Pan casero

Es verdad que el pan, generalmente, lo compramos, yo misma lo hago todos los días. El pan es un producto barato, asequible, y venden muy buen pan en nuestras panaderías. Pero en el caso de hacer pan en casa entran en juego otras variantes, otras circunstancias que lo hacen muy agradable y apetecible. Hacer pan relaja como en realidad relaja la cocina y hacer otras  manualidades.
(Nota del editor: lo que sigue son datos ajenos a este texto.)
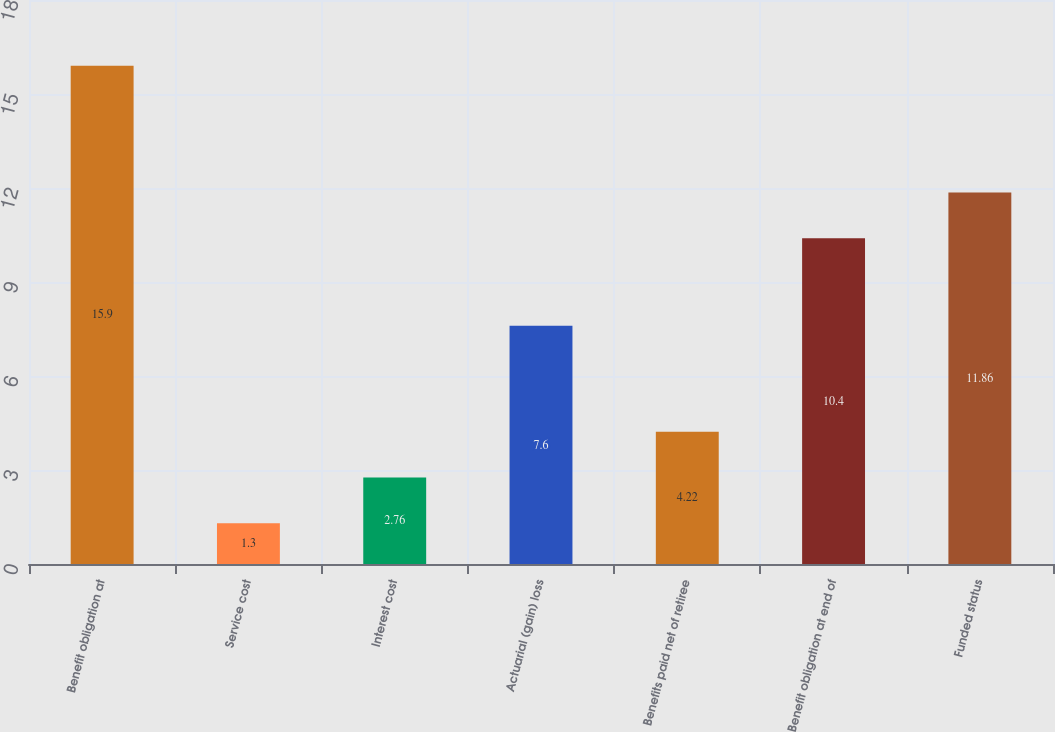Convert chart. <chart><loc_0><loc_0><loc_500><loc_500><bar_chart><fcel>Benefit obligation at<fcel>Service cost<fcel>Interest cost<fcel>Actuarial (gain) loss<fcel>Benefits paid net of retiree<fcel>Benefit obligation at end of<fcel>Funded status<nl><fcel>15.9<fcel>1.3<fcel>2.76<fcel>7.6<fcel>4.22<fcel>10.4<fcel>11.86<nl></chart> 
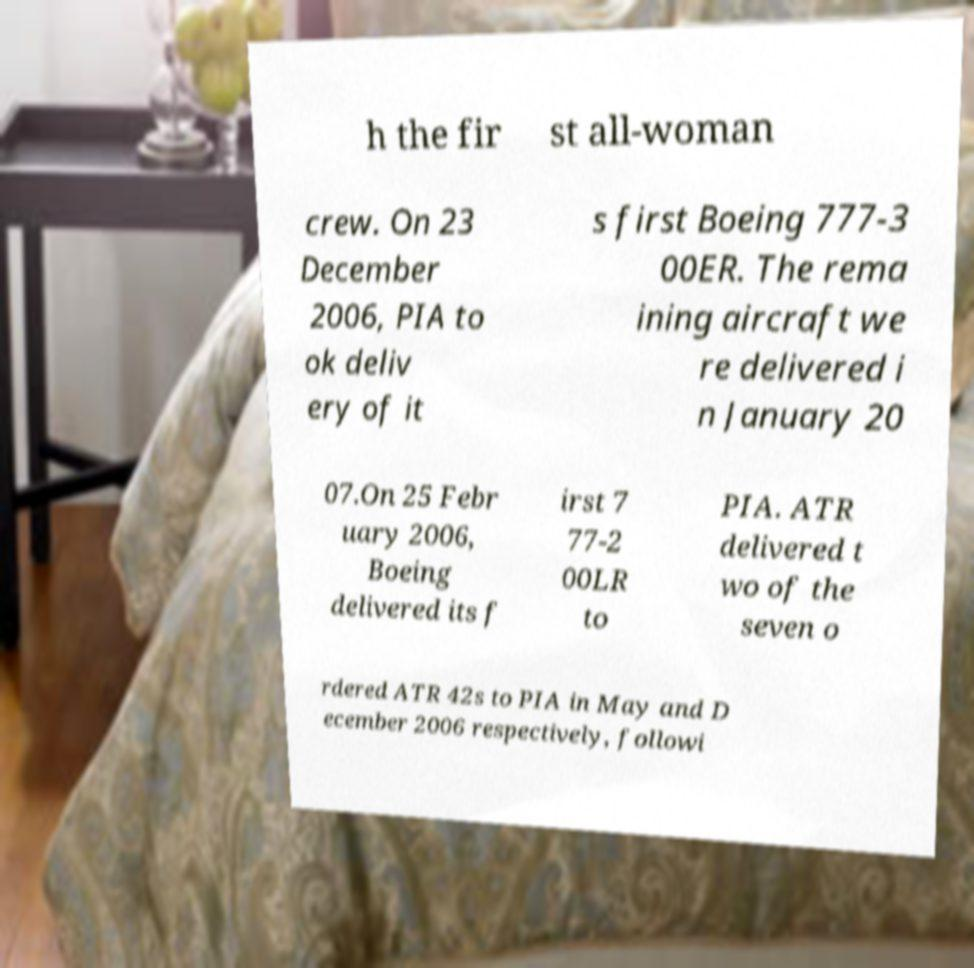I need the written content from this picture converted into text. Can you do that? h the fir st all-woman crew. On 23 December 2006, PIA to ok deliv ery of it s first Boeing 777-3 00ER. The rema ining aircraft we re delivered i n January 20 07.On 25 Febr uary 2006, Boeing delivered its f irst 7 77-2 00LR to PIA. ATR delivered t wo of the seven o rdered ATR 42s to PIA in May and D ecember 2006 respectively, followi

Y luego podemos disfrutar del resultado, con la doble satisfacción del buen rato pasado mientras lo hacíamos y lo bueno que nos ha salido.

Hay que decir antes que nada que para hacer este pan hemos utilizado “Masa madre”, y para hacerla me he valido del consejo de Juan Ramón González Higuero, quien dice que la masa madre se hace apartando un poco de la  masa para la siguiente vez dejándola fermentar tapada de un día para otro, si es la primera vez la haremos mezclando 100 gramos de harina con 60 gramos de agua y diez de levadura de panadero, se pone en un recipiente y se tapa. Hay que dejarlo unas 12 horas en la nevera.

La masa madre se puede congelar perfectamente.

Qué necesitamos:

25o gr. de harina de fuerza

150gr. de agua

10 gr. de levadura

10 gr. de sal

Mezcla

En un cuenco, se tamiza la harina en forma de volcán; en el centro de colocan la levadura, la sal, el agua templada y la masa madre. Se remueve hasta que la mezcla se desprende fácilmente del recipiente. Si queda blanda, se puede agregar algo más de harina.

Amasado

En un espacio enharinado (la encimera, una tabla) se amasa a fondo: se sujeta la masa con una mano y con la otra, estira hasta que se desprende; se vuelve sobre si misma y se repite la operación durante unos 15/20 minutos.

Reposo

La bola de masa se deja reposar en un cuenco untado ligeramente con aceite y cubierto con un plástico transparente para conservar la humedad. Se dejar fermentar en lugar oscuro durante un par de horas. En este tiempo habrá duplicado su tamaño y la mejor forma de saber si ha llegado al punto es presionar la masa. Si la marca va desapareciendo lentamente, ya está lista.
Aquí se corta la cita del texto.